> **EXERCISE DIRECTIONS**: For every line in the entries that contains "subtitle", show the whole line.

> **Entries taken from a collection**:
━━━━━━━━━━━━━━━━━━━━━━━━━━━━━━
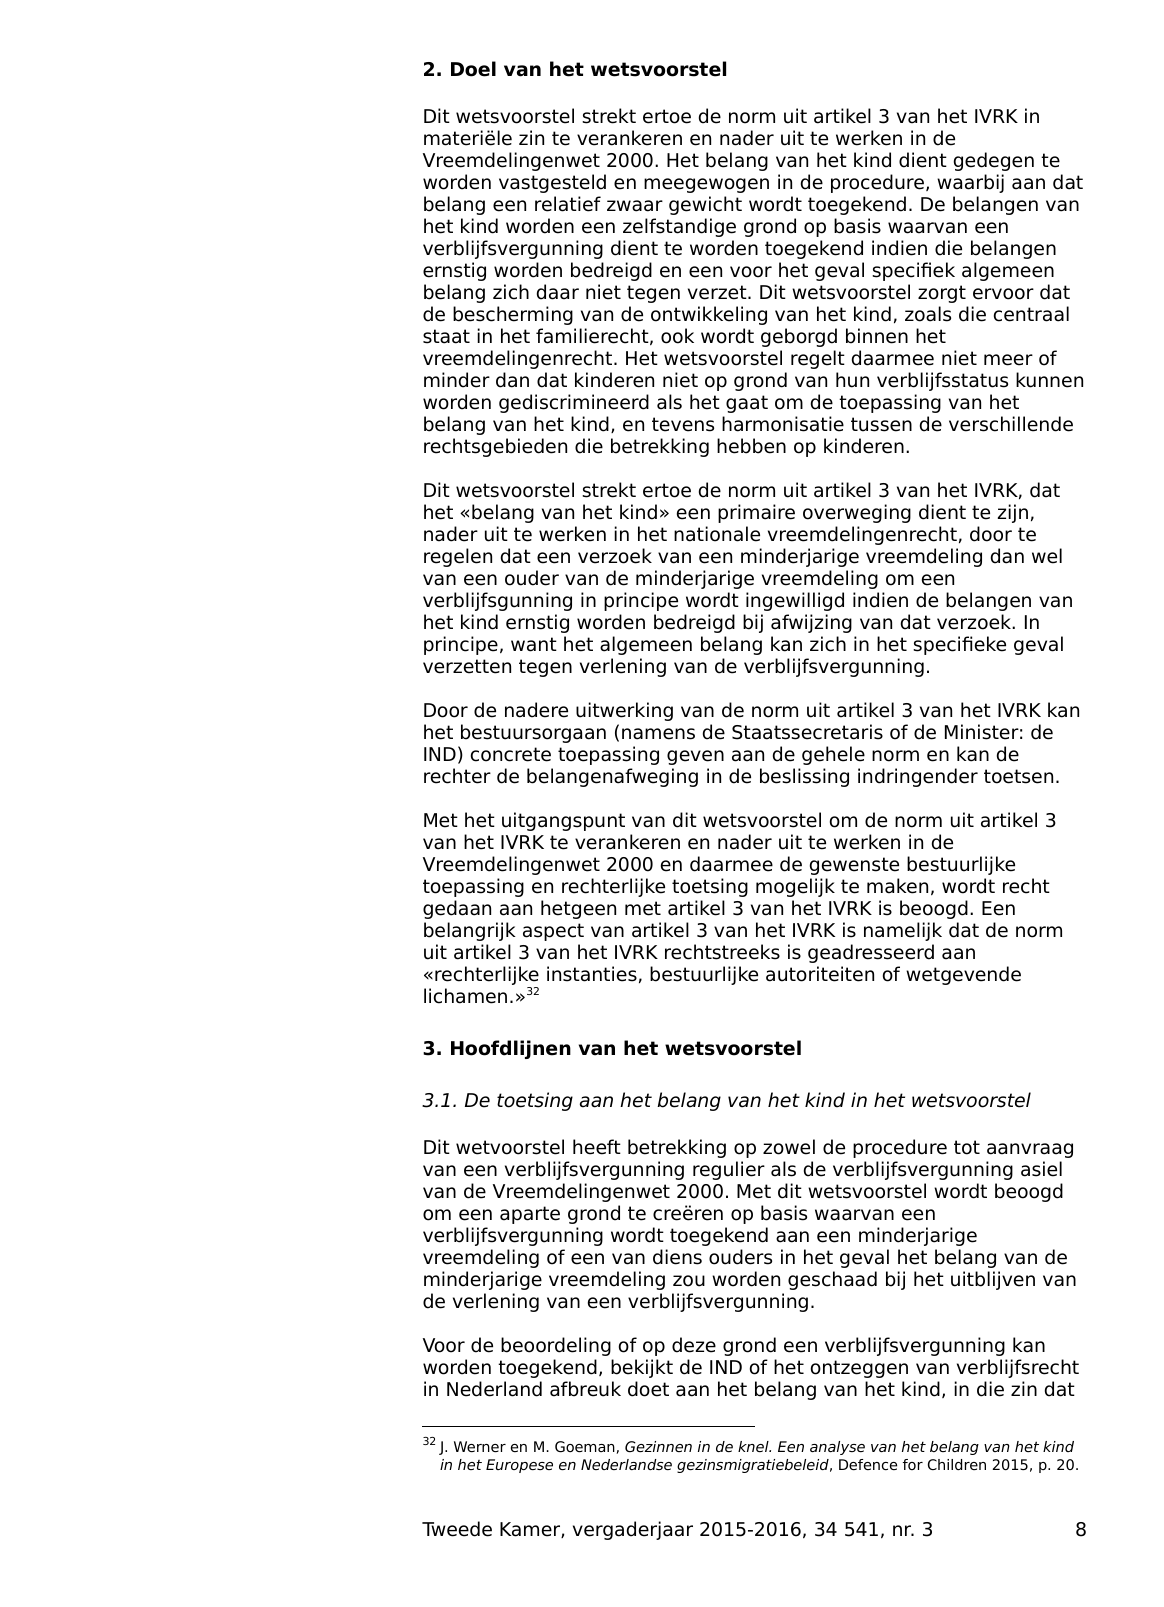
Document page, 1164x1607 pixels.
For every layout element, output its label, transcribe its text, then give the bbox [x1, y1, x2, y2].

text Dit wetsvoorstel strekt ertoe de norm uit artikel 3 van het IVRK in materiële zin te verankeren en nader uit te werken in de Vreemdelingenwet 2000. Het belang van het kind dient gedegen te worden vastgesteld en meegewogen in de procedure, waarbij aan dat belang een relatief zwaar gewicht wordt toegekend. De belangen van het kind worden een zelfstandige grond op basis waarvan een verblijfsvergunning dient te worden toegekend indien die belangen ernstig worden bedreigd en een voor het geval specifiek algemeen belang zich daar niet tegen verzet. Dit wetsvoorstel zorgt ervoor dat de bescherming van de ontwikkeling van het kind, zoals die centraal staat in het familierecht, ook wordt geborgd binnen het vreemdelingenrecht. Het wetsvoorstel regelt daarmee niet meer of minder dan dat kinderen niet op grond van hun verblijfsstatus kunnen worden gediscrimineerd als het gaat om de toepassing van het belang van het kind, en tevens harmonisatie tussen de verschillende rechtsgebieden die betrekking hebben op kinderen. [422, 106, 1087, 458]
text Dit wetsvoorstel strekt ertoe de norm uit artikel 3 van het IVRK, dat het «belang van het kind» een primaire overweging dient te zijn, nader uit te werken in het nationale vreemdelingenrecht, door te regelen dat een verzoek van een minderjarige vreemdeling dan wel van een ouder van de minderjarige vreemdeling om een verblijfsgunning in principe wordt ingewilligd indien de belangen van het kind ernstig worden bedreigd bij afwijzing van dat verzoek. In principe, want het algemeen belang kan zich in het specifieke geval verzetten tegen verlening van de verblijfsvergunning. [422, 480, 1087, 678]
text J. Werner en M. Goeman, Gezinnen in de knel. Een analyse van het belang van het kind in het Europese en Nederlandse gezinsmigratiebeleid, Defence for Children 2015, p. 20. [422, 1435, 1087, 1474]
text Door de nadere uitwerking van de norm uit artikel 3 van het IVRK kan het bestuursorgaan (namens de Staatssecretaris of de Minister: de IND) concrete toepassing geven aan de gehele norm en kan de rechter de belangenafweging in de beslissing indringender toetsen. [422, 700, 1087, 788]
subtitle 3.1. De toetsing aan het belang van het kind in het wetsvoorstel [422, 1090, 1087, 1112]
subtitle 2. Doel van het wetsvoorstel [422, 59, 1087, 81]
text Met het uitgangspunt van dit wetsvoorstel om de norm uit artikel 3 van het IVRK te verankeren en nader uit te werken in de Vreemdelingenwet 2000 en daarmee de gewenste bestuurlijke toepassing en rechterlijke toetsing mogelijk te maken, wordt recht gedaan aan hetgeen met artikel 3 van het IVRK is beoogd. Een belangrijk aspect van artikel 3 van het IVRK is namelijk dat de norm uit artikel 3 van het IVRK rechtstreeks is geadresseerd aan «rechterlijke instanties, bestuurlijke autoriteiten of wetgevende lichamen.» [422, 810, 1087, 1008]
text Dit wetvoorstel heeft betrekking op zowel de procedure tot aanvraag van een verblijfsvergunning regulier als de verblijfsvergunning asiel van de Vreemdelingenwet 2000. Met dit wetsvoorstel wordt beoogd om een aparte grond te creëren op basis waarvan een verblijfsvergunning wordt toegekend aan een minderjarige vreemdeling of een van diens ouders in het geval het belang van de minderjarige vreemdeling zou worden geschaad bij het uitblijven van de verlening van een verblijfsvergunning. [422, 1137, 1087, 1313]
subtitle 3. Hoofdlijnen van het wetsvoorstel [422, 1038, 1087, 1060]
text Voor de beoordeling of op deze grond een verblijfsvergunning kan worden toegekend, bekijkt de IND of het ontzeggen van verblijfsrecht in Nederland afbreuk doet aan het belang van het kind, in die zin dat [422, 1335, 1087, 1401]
━━━━━━━━━━━━━━━━━━━━━━━━━━━━━━
> **ANSWER SECTION**:
subtitle 3.1. De toetsing aan het belang van het kind in het wetsvoorstel [422, 1090, 1087, 1112]
subtitle 2. Doel van het wetsvoorstel [422, 59, 1087, 81]
subtitle 3. Hoofdlijnen van het wetsvoorstel [422, 1038, 1087, 1060]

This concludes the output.